AACR 2017: PRMT1 Identified as Potential Druggable Target for Pancreatic Cancer
A protein known as arginine methyltransferase 1 (PRMT1) may be a potential therapeutic target for pancreatic ductal adenocarcinoma, according to results presented by Giuliani et al the 2017 Annual Meeting of the American Association for Cancer Research (AACR) in Washington, DC (Abstract 3016).
PRMT1 is involved in a number of genetic processes, including gene transcription, DNA repair, and signaling.
“Our study has identified and validated for the first time an arginine methyltransferase as a novel genetic vulnerability in [pancreatic ductal adenocarcinoma],” said Giulio Draetta, MD, PhD, Professor of Genomic Medicine and Director of Institute for Applied Cancer Science (IACS) at The University of Texas MD Anderson Cancer Center. “These findings strongly suggest a role for PRMT1 in [pancreatic ductal adenocarcinoma] development, and illuminate a path toward the development of therapies for patients in desperate need of innovative solutions.”
Study Findings
Various treatment regimens have failed to improve pancreatic ductal adenocarcinoma patient survival, driving the critical need for finding druggable targets essential for tumor maintenance. Dr. Draetta’s team developed an in vivo platform called Patient-Based In Vivo Lethality to Optimize Treatment (PILOT), a technology enabling systemic identification of tumor vulnerabilities in patient-derived tumors. Through PILOT, they discovered novel epigenetic drivers in pancreatic ductal adenocarcinoma, including PRMT1 in tumors that harbor KRAS mutations on the background of p53. KRAS and p53 are genes often associated with cancer.
“Through this assessment of epigenetic regulators, we identified PRMT1 as a top scoring ‘hit’ in these patient-derived tumors,” said Virginia Giuliani, PhD, Senior Research Scientist, IACS. “This novel dependency was subsequently validated in multiple patient-derived pancreas models.”

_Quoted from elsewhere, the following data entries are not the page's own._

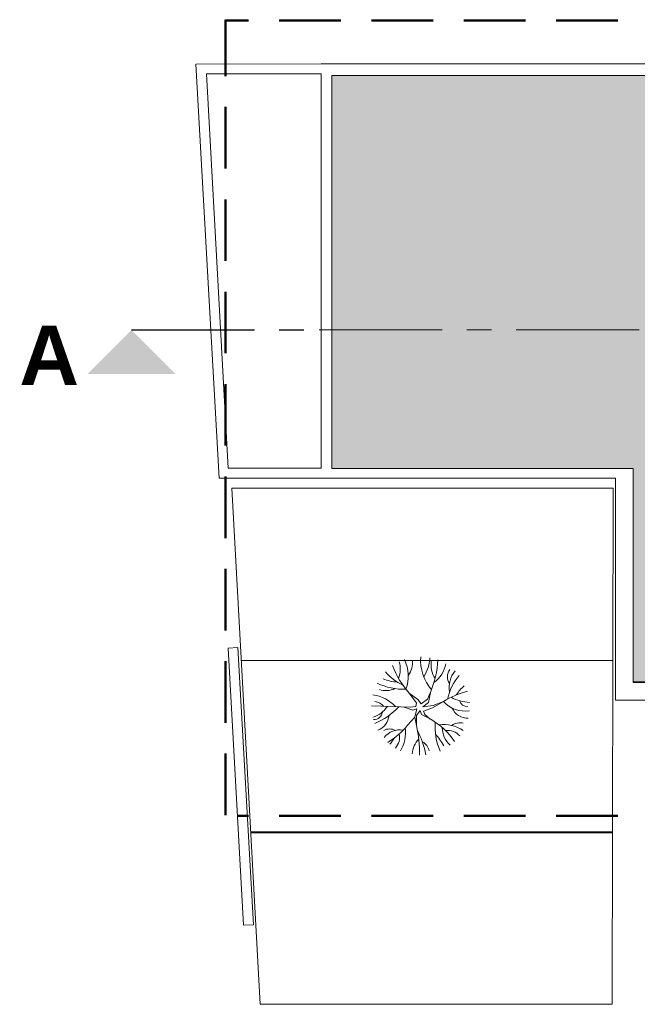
# Model space of a CAD drawing. Extents: x -45086 to 279774, y -60645 to -24658.
# Tile 30 of 35: x 20723 to 21977, y -60645 to -58647. Entities that reach past the tile are written whole.
import ezdxf

# ---------------------------------------------------------------- set-up
doc = ezdxf.new("R2010")
doc.units = 0
doc.header["$LTSCALE"] = 0.1
doc.header["$MEASUREMENT"] = 0
doc.linetypes.add('AXESx2', pattern=[4, 2.5, -0.5, 0.5, -0.5])
doc.linetypes.add('CACHE2', pattern=[0.1875, 0.125, -0.0625])
doc.layers.get('0').update_dxf_attribs({"lineweight": 9})
doc.layers.add('Aucune', color=7, linetype='Continuous', lineweight=9)
doc.styles.add('STYLE_GENERE_6', font='arialbd.ttf')

msp = doc.modelspace()

# ---------------------------------------------------------------- hatches: boundary and pattern name
h = msp.add_hatch(color=9)
h.dxf.hatch_style = 1
h.paths.add_polyline_path([(23009.097, -58759.512), (21356.969, -58759.512), (21356.969, -59557.295), (21968.716, -59557.295), (21968.716, -59990.789), (23025.204, -59990.789), (23025.204, -59587.258), (23025.198, -58781.029)])
h.paths.add_polyline_path([(23148.198, -58759.512), (23098.532, -58759.512), (23030.198, -58784.234), (23030.198, -58915.055), (23148.198, -58915.055)])
h.paths.add_polyline_path([(23068.236, -58759.512), (23015.43, -58759.512), (23026.56, -58774.368)])
h.paths.add_polyline_path([(23148.198, -58920.055), (23030.198, -58920.055), (23030.198, -59048.055), (23148.198, -59048.055)])
h.paths.add_polyline_path([(23148.198, -59053.055), (23030.198, -59053.055), (23030.198, -59181.055), (23148.198, -59181.055)])
h.paths.add_polyline_path([(23148.198, -59186.055), (23030.198, -59186.055), (23030.198, -59314.055), (23148.198, -59314.055)])
h.paths.add_polyline_path([(23148.198, -59319.055), (23030.198, -59319.055), (23030.198, -59447.055), (23148.198, -59447.055)])
h.paths.add_polyline_path([(23148.198, -59452.055), (23030.198, -59452.055), (23030.198, -59580.055), (23148.198, -59580.055)])
h.paths.add_polyline_path([(23148.204, -59592.718), (23030.204, -59592.718), (23030.206, -59720.232), (23148.204, -59720.232)])
h.paths.add_polyline_path([(23148.204, -59725.716), (23030.207, -59725.716), (23030.209, -59853.232), (23148.204, -59853.232)])
h.paths.add_polyline_path([(23148.204, -59858.716), (23030.209, -59858.716), (23030.211, -59986.232), (23148.204, -59986.232)])

# ---------------------------------------------------------------- linework, layer by layer
at = {"color": 0, "linetype": 'CACHE2', "lineweight": 50, "ltscale": 10000}
msp.add_line((21140.589, -60261.211), (21140.589, -58646.502), dxfattribs=at)
at = {"linetype": 'CACHE2', "lineweight": 50, "ltscale": 10000}
for p, q in [((24750.007, -58648.318), (21140.589, -58648.318)), ((24750.007, -60263.027), (21165.074, -60263.027))]:
    msp.add_line(p, q, dxfattribs=at)
at = {"color": 253, "linetype": 'Continuous', "lineweight": 20}
for p, q in [((21127.779, -59577.189), (21080.763, -58736.62)), ((21080.992, -58736.62), (21335.029, -58736.435)), ((21335.029, -58736.435), (21335.029, -58736.639)), ((21101.91, -58756.406), (21146.319, -59557.189)), ((21102.077, -58756.406), (21335.029, -58756.406)), ((21335.029, -58756.406), (21335.029, -59557.189)), ((21356.969, -58759.512), (21356.969, -59557.295)), ((23068.236, -58759.512), (21356.969, -58759.512)), ((21356.969, -58759.512), (21356.969, -59557.295)), ((21146.319, -59557.189), (21335.029, -59557.189)), ((21356.969, -59557.295), (21968.716, -59557.295)), ((21356.969, -59557.295), (21968.716, -59557.295)), ((21968.716, -59557.295), (21968.716, -59990.789)), ((21968.716, -59557.295), (21968.716, -59992.282)), ((21127.779, -59577.189), (21932.903, -59577.189)), ((21932.903, -59577.189), (21932.903, -60027.66)), ((21153.552, -59597.384), (21928.107, -59597.196)), ((21211.419, -60645.31), (21153.552, -59597.384)), ((21928.107, -59597.196), (21925.817, -60645.31)), ((21172.885, -59947.385), (21926.947, -59947.197)), ((21968.716, -59990.789), (23153.204, -59990.789)), ((21968.716, -59992.282), (23025.204, -59992.282)), ((21531.145, -60026.563), (21513.994, -60013.379)), ((21528.539, -60033.513), (21513.994, -60013.379)), ((21550.959, -60026.18), (21556.726, -60013.075)), ((21553.166, -60032.827), (21556.921, -60011.996)), ((21437.478, -60039.594), (21516.377, -60042.2)), ((21503.389, -60041.771), (21521.589, -60048.281)), ((21516.377, -60042.2), (21527.67, -60040.463)), ((21527.67, -60040.463), (21528.539, -60033.513)), ((21531.145, -60026.563), (21538.095, -60035.251)), ((21538.095, -60035.251), (21550.959, -60026.18)), ((21553.166, -60032.827), (21541.57, -60041.332)), ((21541.57, -60041.332), (21562.913, -60038.627)), ((21561.268, -60043.432), (21543.122, -60050.18)), ((21583.558, -60030.611), (21561.268, -60043.432)), ((21562.913, -60038.627), (21583.558, -60030.611)), ((21932.903, -60027.66), (23152.293, -60027.66)), ((21510.419, -60078.86), (21525.064, -60062.181)), ((21521.589, -60048.281), (21529.665, -60045.747)), ((21525.064, -60062.181), (21529.665, -60045.747)), ((21525.064, -60062.181), (21528.441, -60079.51)), ((21528.946, -60059.087), (21528.441, -60079.51)), ((21536.165, -60048.827), (21528.946, -60059.087)), ((21538.879, -60056.831), (21536.165, -60048.827)), ((21538.879, -60056.831), (21557.613, -60066.685)), ((21543.122, -60050.18), (21545.882, -60056.729)), ((21556.643, -60066.175), (21545.882, -60056.729)), ((21926.947, -60295.189), (21191.559, -60295.189)), ((21926.578, -60297.305), (21192.213, -60297.31)), ((21925.817, -60645.31), (21211.419, -60645.31))]:
    msp.add_line(p, q, dxfattribs=at)
at = {"color": 253, "linetype": 'Continuous'}
for p, q in [((21335.029, -58736.435), (23132.976, -58736.435)), ((21165.911, -59921.3), (21145.942, -59922.422)), ((21145.942, -59922.422), (21177.541, -60484.973)), ((21197.509, -60483.851), (21165.911, -59921.3)), ((21177.541, -60484.973), (21197.509, -60483.851))]:
    msp.add_line(p, q, dxfattribs=at)
at = {"linetype": 'AXESx2', "lineweight": 30, "ltscale": 1000}
msp.add_line((20949.877, -59276.176), (21331.191, -59276.176), dxfattribs=at)
at = {"linetype": 'AXESx2', "ltscale": 1000}
msp.add_line((21331.191, -59276.176), (24413.327, -59276.176), dxfattribs=at)
at = {"color": 253, "linetype": 'Continuous', "lineweight": 20}
for centre, radius, start, end in [((21633.525, -59945.548), 96.467, 176.611408, 219.455724), ((21479.372, -59938.228), 76.642, 326.791628, 357.465845), ((21632.202, -59903.7), 161.253, 199.56904, 222.85653), ((21446.002, -59964.869), 49.829, 337.868009, 17.453873), ((21438.453, -59979.166), 73.795, 338.923091, 27.14338), ((21477.489, -59951.293), 43.427, 323.119809, 6.315533), ((21380.269, -59936.201), 192.225, 336.777683, 357.021028), ((21617.439, -59954.274), 59.175, 173.39519, 210.401972), ((21526.198, -59940.943), 63.749, 306.563673, 348.107827), ((21548.127, -59900.189), 108.113, 220.293261, 244.184107), ((21618.021, -59980.232), 26.322, 146.070738, 212.39629), ((21700.061, -60048.756), 110.51, 139.974867, 167.925168), ((21650.082, -60002.1), 54.838, 141.882458, 189.800424), ((21503.184, -59880.211), 125.562, 244.344898, 271.883503), ((21493.149, -59903.687), 87.313, 248.266723, 267.927431), ((21694.255, -60074.799), 102.467, 132.047971, 145.862178), ((21427.354, -60098.214), 82.362, 43.784597, 81.092477), ((21466.503, -59965.277), 43.226, 252.334027, 295.090602), ((21673.271, -60173.215), 168.478, 104.035905, 122.174323), ((21638.413, -59953.373), 78.992, 240.196766, 268.765285), ((21425.486, -60011.735), 52.677, 286.114364, 326.704981), ((21386.454, -59939.927), 147.114, 293.061414, 316.375102), ((21441.475, -60055.977), 25.492, 37.686163, 83.32079), ((21627.241, -59991.291), 58.773, 221.99057, 279.062438), ((21632.561, -60029.871), 34.448, 204.10058, 272.17431), ((21632.597, -60023.523), 17.53, 198.598975, 270.670918), ((21441.839, -60049.751), 17.672, 268.697145, 352.429309), ((21437.854, -60055.735), 35.289, 290.844507, 354.869852), ((21385.695, -59975.959), 161.693, 301.602973, 320.476228), ((21298.332, -60133.837), 236.435, 358.673421, 13.28387), ((21487.805, -60190.128), 141.814, 33.521104, 60.511283), ((21688.935, -60082.512), 122.485, 175.26338, 203.451251), ((21583.429, -60148.96), 71.744, 55.961949, 97.262515), ((21629.531, -60083.442), 48.498, 179.791236, 227.909818), ((21616.437, -60098.474), 24.62, 73.392398, 129.128815), ((21474.194, -60111.46), 25.124, 62.321671, 118.115907), ((21495.606, -60130.893), 42.806, 81.728528, 139.999247), ((21462.815, -60103.377), 31.569, 316.652268, 12.804303), ((21439.582, -60094.663), 66.86, 327.638179, 8.842102), ((21396.271, -60163.486), 153.278, 9.26545, 28.78759), ((21442.319, -60203.694), 164.513, 30.462511, 40.576833), ((21591.475, -60123.975), 34.614, 43.622837, 96.111567), ((21424.868, -60073.758), 66.134, 318.84319, 331.84536), ((21573.274, -60142.021), 53.587, 138.439483, 174.734601), ((21527.963, -60136.347), 27.083, 12.264604, 61.646842)]:
    msp.add_arc(centre, radius, start, end, dxfattribs=at)
at = {"layer": 'Aucune', "color": 7, "linetype": 'Continuous', "lineweight": 15}
msp.add_solid([(20860.021, -59366.032), (21039.733, -59366.032), (20949.877, -59276.176)], dxfattribs=at)

# ---------------------------------------------------------------- texts
at = {"layer": 'Aucune', "color": 7, "linetype": 'Continuous', "lineweight": 50, "insert": (20722.132, -59267.802), "char_height": 120, "attachment_point": 1, "line_spacing_factor": 0.975772, "style": 'STYLE_GENERE_6'}
msp.add_mtext('A', dxfattribs=at)

doc.saveas('drawing.dxf')

The team confirmed that genetic “knockdown” of PRMT1 significantly impaired pancreatic ductal adenocarcinoma cell growth in vitro through use of genetic editing tools, including CRISPR and small hairpin RNA (shRNA). This correlated with a global reduction in arginine methylation, which controls multiple cellular processes, including DNA replication and DNA repair.
“We also confirmed a role in pancreatic ductal adenocarcinoma tumor maintenance as inhibition of PRMT1 in patient-derived mouse models significantly inhibited tumor growth and extended survival,” said Dr. Giuliani. “These data suggest that small molecule inhibition of PRMT1 could be an impactful therapeutic strategy in pancreas cancer.”
The teams at MD Anderson’s and Center for Co-Clinical Trials are using the PILOT platform to investigate novel vulnerabilities across tumor subtypes with the aim of identifying targets for therapeutic development. PRMT1 is one of several epigenetic dependencies that have been identified using this approach.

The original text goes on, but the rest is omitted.